[Directions] Reproduce exactly the span of lines that opens with the line containing "Would you mind" and closes with the last line of the entries below.

[Task input]
BEGIN

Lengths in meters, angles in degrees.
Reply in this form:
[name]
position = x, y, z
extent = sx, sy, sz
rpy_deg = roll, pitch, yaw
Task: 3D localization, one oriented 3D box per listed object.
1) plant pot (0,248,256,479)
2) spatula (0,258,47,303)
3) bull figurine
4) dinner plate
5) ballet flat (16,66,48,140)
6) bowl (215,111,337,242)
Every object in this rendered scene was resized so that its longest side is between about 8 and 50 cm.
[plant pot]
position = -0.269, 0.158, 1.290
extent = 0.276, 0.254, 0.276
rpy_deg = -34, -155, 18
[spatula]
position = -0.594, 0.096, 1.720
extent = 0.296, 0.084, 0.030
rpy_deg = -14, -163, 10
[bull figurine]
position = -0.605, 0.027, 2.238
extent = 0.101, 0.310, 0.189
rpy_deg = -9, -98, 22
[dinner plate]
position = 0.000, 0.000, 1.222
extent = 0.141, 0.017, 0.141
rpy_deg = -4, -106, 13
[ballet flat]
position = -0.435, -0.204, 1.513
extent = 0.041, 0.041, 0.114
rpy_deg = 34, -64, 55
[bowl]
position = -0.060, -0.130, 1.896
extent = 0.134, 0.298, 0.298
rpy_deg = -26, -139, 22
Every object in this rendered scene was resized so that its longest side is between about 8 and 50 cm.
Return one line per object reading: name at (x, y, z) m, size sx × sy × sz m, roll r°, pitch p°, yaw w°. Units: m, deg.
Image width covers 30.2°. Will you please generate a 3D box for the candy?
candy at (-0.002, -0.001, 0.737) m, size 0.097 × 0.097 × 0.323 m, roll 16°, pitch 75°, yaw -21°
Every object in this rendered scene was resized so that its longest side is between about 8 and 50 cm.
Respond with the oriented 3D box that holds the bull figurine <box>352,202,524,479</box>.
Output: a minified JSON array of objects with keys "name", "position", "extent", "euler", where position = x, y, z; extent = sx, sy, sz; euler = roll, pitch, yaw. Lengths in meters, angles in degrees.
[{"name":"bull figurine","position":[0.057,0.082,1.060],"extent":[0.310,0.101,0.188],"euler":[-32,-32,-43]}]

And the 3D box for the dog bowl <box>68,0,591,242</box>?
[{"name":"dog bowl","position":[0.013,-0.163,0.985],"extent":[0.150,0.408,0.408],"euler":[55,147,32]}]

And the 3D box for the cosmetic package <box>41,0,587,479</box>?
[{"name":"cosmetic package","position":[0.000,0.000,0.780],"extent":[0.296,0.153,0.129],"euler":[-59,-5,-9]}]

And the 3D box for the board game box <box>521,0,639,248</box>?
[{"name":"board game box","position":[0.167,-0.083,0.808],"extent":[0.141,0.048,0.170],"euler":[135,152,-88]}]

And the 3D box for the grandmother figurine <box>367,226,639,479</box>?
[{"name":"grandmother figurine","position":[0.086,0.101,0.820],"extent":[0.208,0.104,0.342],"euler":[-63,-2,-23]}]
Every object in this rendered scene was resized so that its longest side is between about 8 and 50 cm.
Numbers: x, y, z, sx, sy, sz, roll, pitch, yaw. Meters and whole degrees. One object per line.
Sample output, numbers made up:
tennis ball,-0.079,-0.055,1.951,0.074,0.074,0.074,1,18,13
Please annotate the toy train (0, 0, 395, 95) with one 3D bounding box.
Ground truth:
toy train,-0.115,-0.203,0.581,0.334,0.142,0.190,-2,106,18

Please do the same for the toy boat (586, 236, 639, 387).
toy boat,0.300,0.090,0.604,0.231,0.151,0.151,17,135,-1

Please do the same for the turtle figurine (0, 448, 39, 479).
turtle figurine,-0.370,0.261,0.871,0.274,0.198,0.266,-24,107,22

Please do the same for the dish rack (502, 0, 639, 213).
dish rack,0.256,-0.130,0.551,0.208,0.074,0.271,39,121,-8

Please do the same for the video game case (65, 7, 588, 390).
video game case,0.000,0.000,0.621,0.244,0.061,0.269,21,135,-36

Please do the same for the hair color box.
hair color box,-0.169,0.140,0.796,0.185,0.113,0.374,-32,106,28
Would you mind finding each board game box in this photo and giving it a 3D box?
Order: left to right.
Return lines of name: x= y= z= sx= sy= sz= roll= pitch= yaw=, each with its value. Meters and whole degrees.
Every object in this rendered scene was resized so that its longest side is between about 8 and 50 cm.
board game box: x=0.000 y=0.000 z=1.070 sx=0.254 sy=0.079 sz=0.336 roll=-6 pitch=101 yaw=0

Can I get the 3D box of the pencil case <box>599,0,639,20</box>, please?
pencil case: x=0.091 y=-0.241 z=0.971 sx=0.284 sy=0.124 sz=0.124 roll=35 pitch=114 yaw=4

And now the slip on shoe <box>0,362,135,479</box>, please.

END

[Response for this exercise]
Would you mind finding each board game box in this photo and giving it a 3D box?
Order: left to right.
Return lines of name: x= y= z= sx= sy= sz= roll= pitch= yaw=, each with its value. Meters and whole degrees.
Every object in this rendered scene was resized so that its longest side is between about 8 and 50 cm.
board game box: x=0.000 y=0.000 z=1.070 sx=0.254 sy=0.079 sz=0.336 roll=-6 pitch=101 yaw=0

Can I get the 3D box of the pencil case <box>599,0,639,20</box>, please?
pencil case: x=0.091 y=-0.241 z=0.971 sx=0.284 sy=0.124 sz=0.124 roll=35 pitch=114 yaw=4

And now the slip on shoe <box>0,362,135,479</box>, please.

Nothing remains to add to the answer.